At the Installation Stage

  • Keep relative humidity below 70% at the work location — use portable dehumidifiers or temporary enclosures when necessary. Establish a defined clean zone with controlled access.

  • For heat shrink products, heat evenly from the center toward the ends and confirm good contact with the underlying surface.

  • Always shrink tubes from the bottom (screen end) upwards to chase the air out.

  • Certified installers reduce defect rates by 60–80% compared to uncertified personnel. Use certified jointers for all MV accessory installations

  • Perform post-installation partial discharge testing before energisation

? Practical Take — The Dual-Control Strategy

The most effective reliability programs I've seen treat MV cable accessory failure prevention as a dual-control problem: material quality control (supplier side) and installation quality control (site side). Investing heavily in one while ignoring the other doesn't get you to the reliability you need. A premium-quality accessory installed carelessly in high humidity will fail. A carefully installed accessory made from under-crosslinked material will fail more slowly — but it will still fail. Both controls must be active simultaneously.

Frequently Asked Questions

Q1: What did the KEMA Labs survey actually find about medium-voltage cable accessory failure rates?

The KEMA Labs testing program, based on analysis of more than 1,000 cables and accessories entering type test programs, found an initial failure rate of approximately 25% — meaning one in four submissions fails type testing on the first attempt. Medium-voltage terminations and joints show a disproportionately high failure rate compared to LV and HV accessories, with improper material handling during the heat shrink process identified as the leading cause. This data has been published through INMR (International Electrical Insulation Review) and presented at international cable industry conferences.

Q2: What is partial discharge and why does it matter for heat shrink cable termination reliability?

Partial discharge (PD) is electrical discharge that occurs within voids, contaminants, or interface gaps inside an insulation system, without completely bridging the insulation. At medium voltage, air voids as small as 1 mm can initiate PD activity. The discharge produces ozone and nitric acid compounds that progressively erode the surrounding insulation. PD activity is typically the root failure mechanism behind termination breakdowns that occur in the first 2–5 years of service. It can be detected by PD measurement instruments after installation and before energisation — which is why post-installation PD testing is the most valuable diagnostic step available to maintenance engineers.

Q3: How does irradiation cross-linking differ from chemical cross-linking in heat shrink tubing, and why does it matter?
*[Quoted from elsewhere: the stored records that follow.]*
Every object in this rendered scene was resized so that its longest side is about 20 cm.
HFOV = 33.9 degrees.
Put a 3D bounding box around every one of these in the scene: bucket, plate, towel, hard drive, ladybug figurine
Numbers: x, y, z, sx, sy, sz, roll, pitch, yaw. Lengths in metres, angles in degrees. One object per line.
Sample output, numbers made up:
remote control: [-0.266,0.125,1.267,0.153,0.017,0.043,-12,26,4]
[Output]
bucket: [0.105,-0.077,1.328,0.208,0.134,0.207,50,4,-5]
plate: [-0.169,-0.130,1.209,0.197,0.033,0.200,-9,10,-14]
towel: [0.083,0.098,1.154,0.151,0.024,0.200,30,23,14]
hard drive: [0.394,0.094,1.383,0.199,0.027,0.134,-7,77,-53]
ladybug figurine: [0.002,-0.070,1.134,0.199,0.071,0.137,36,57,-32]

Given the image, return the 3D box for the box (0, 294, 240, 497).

Chemical (peroxide) cross-linking introduces cross-link agent into the polymer compound before extrusion and activates it thermally during or after extrusion. Electron beam (EB) irradiation cross-linking applies a controlled dose of ionising radiation to the already-extruded tube, creating cross-links throughout the polymer matrix without chemical residues. EB irradiation allows more precise control over cross-link density and produces a more uniform cross-link distribution across the tube wall — both critical for consistent shrink ratio and reliable dielectric properties in stress control components. Batch-level gel content testing (ASTM D2765) can verify cross-link density from EB irradiation, providing documented quality evidence that chemical cross-linking methods cannot match at the same batch-level resolution.

Q4: What certifications should I require from a Chinese heat shrink cable accessory supplier for projects in Europe or the Middle East?
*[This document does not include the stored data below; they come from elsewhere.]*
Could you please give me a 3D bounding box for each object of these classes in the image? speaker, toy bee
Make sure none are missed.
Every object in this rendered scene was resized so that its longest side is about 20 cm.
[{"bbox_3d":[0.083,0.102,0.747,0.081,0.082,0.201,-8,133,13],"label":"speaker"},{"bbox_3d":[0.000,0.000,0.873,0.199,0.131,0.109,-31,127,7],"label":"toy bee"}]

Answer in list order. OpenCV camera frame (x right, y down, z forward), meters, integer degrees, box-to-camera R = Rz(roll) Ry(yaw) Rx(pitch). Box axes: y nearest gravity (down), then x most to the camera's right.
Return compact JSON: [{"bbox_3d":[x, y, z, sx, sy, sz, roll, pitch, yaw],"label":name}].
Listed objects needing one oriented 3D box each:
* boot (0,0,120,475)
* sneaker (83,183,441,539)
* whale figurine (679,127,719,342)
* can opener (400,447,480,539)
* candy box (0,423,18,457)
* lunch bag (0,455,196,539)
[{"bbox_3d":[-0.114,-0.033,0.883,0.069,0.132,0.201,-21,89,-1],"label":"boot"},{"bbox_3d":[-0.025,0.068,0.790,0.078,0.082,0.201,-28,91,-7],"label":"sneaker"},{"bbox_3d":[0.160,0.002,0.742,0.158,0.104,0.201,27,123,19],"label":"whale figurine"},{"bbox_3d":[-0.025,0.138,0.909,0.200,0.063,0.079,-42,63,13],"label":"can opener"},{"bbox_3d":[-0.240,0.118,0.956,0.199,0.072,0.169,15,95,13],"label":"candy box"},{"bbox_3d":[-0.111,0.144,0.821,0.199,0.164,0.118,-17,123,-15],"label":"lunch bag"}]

For European projects, require at minimum: ISO 9001 (with documented scope covering heat shrink accessory production), REACH and RoHS current compliance certificates, and a Type Test Report per IEC 60502-4 for the relevant voltage class. For Middle East and African projects, UL certification and SGS third-party test reports are commonly required by EPC contractors and project lenders. For grid operator submissions in Europe, a Type Test Report from an accredited laboratory (such as KEMA, CESI, or PEHLA) is the most credible technical evidence available. Zhizheng holds ISO 9001, IATF 16949, UL, REACH 2025, RoHS, and a Type Test Report for our 35kV cold shrink accessories.

Q5: Can a cable termination that passes a VLF (Very Low Frequency) commissioning test still fail in service?

Yes, and this is an important limitation that reliability engineers need to understand. VLF testing at 0.1 Hz or DC will detect gross insulation defects and catastrophic voids. However, marginal defects — air voids below PD inception voltage at test conditions, minor contamination, or slight stress cone misalignment — may not trigger failure under VLF test voltages but will progressively degrade under sustained operating voltage and thermal cycling in service. Partial discharge testing at power frequency (50/60 Hz) after installation is significantly more sensitive and is the preferred post-installation acceptance test for MV cable accessories where long-term reliability is required.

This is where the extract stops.